British noble (died 1780)

Lady Catherine Pelham (also spelt as Katherine; 1700 or 1701 – 18 February 1780) was a British noble and the wife of the Prime Minister Henry Pelham. She used her position to broker positions within that administration and the following one.

==Life==
Pelham was born in 1700 or 1701 and her parents were Catherine (née Russell) and John Manners, 2nd Duke of Rutland.

She had a dowry that was either £10,000 or £30,000 and she was from an important aristocratic family. Her maternal uncle was Wriothesley Russell, 2nd Duke of Bedford.

She married Henry Pelham who was the secretary of war in Sir Robert Walpole's government at St James, Westminster, London.

November 1739 was a bad month when she and Henry had two of their sons die within days of each other of what is now thought to be diphtheria. They had already lost a daughter and within months they lost another. Of their eight children only four daughters survived their childhood.

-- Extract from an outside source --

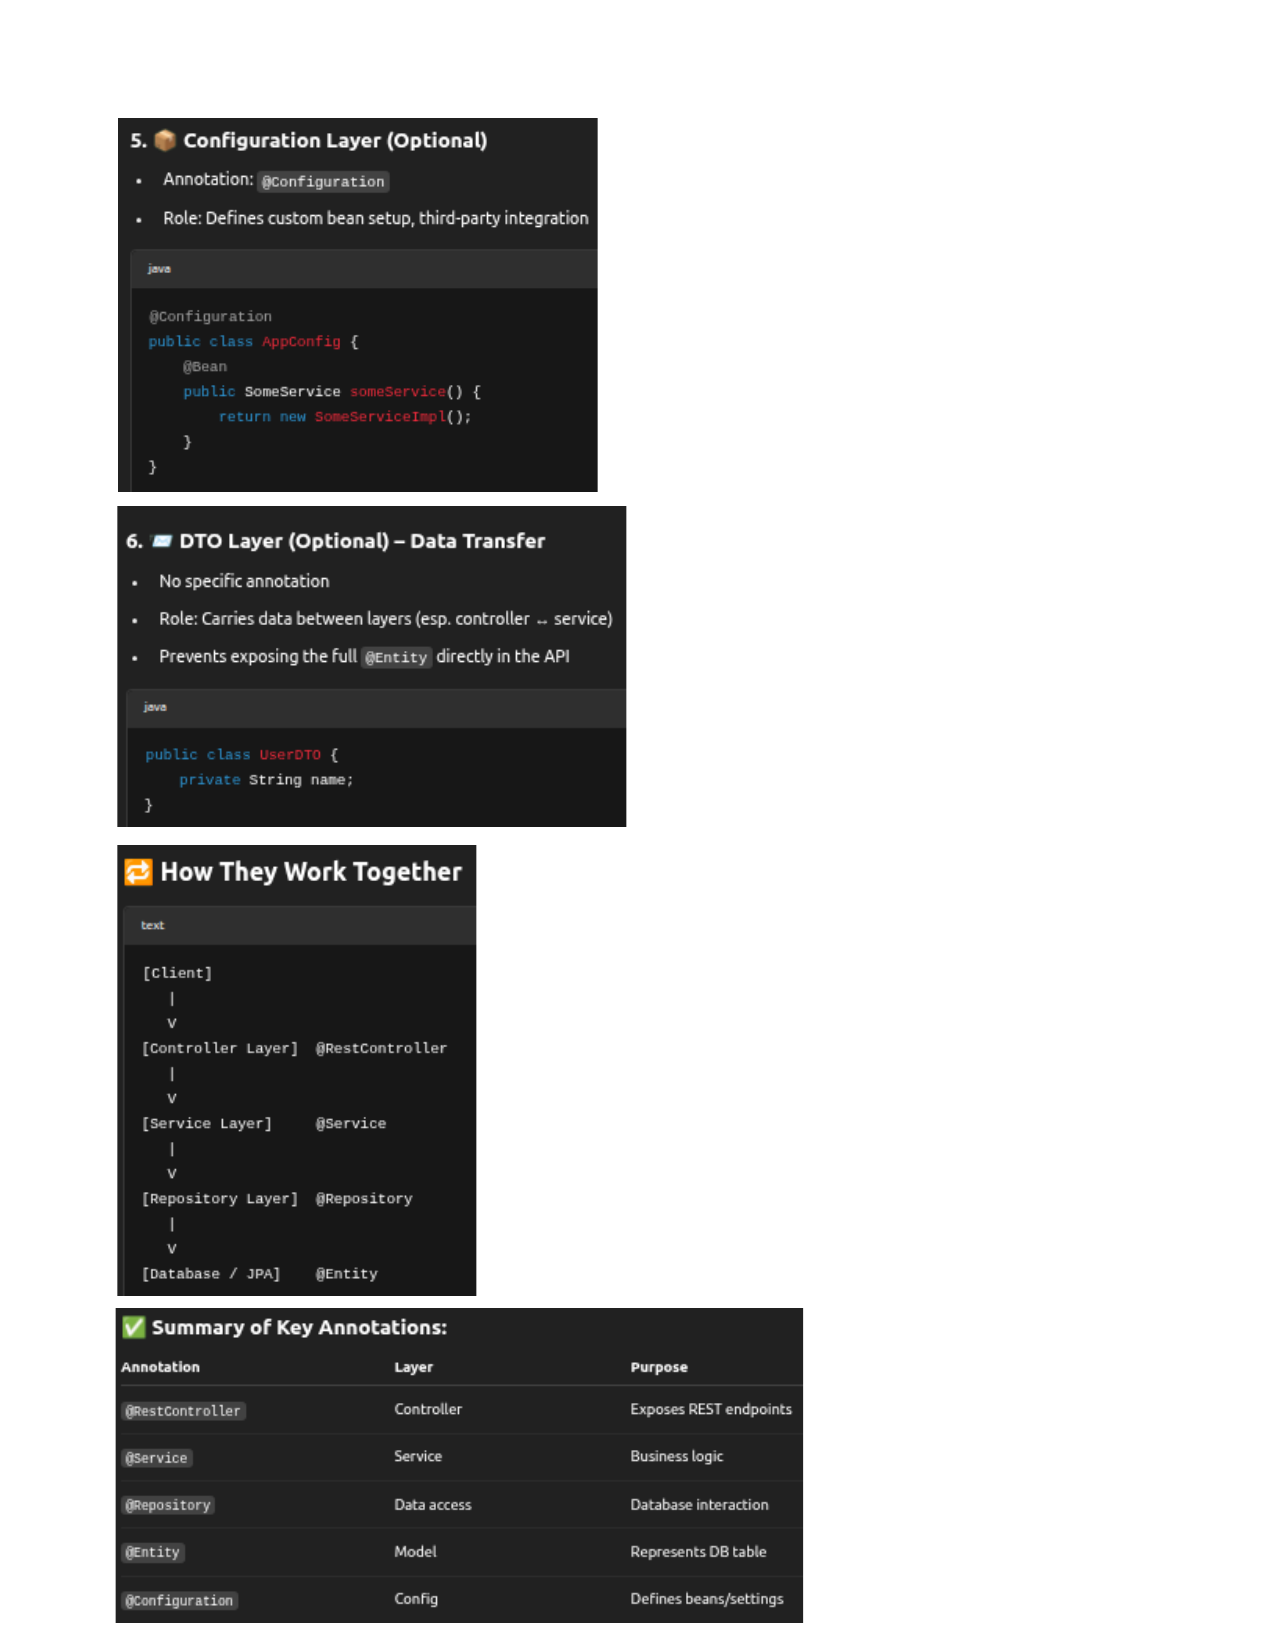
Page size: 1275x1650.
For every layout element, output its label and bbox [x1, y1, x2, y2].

Her skills were in correspondence and in manipulating the attainment and distribution of patronage. She would plan ahead to see which positions were likely to become vacant and she would plan who was to receive the vacancy. Her unmarried daughters took positions and she became the Ranger of Greenwich Park in 1745. One of her achievements was to get John Roberts to be the candidate for the Harwich constituency. She had identified a vacancy and she had Prime Minister Newcastle's commitment that Roberts would be assigned the seat. However, in 1761, there was a new King and George III had his own mind for a candidate, Charles Townshend. It is a measure of Catherine's character that Newcastle could not decide who to please and who to disappoint. His solution was ingenious. There was one vacancy but Harwich returned two candidates. Newcastle persuaded the sitting candidate at Harwich, Thomas Sewell to move to Exeter so that he could then install both Catherine's and the King's candidate in Harwich. She died on 18 February 1780.

==Daughters==
Of her four daughters, Frances who was born in 1728 and Mary who was born in 1739, died unmarried. Her daughter Catherine (1727–1760) became Catherine Pelham-Clinton, Countess of Clinton, when she married Henry Clinton, 9th Earl of Lincoln in 1744. Henry, by this marriage, would in time become the 2nd Duke of Newcastle-under-Lyme. Her fourth daughter Grace (1735–1777) became Grace Watson, Baroness Sondes when she married Hon. Lewis Watson in 1752. In 1760, Lewis was created Baron Sondes.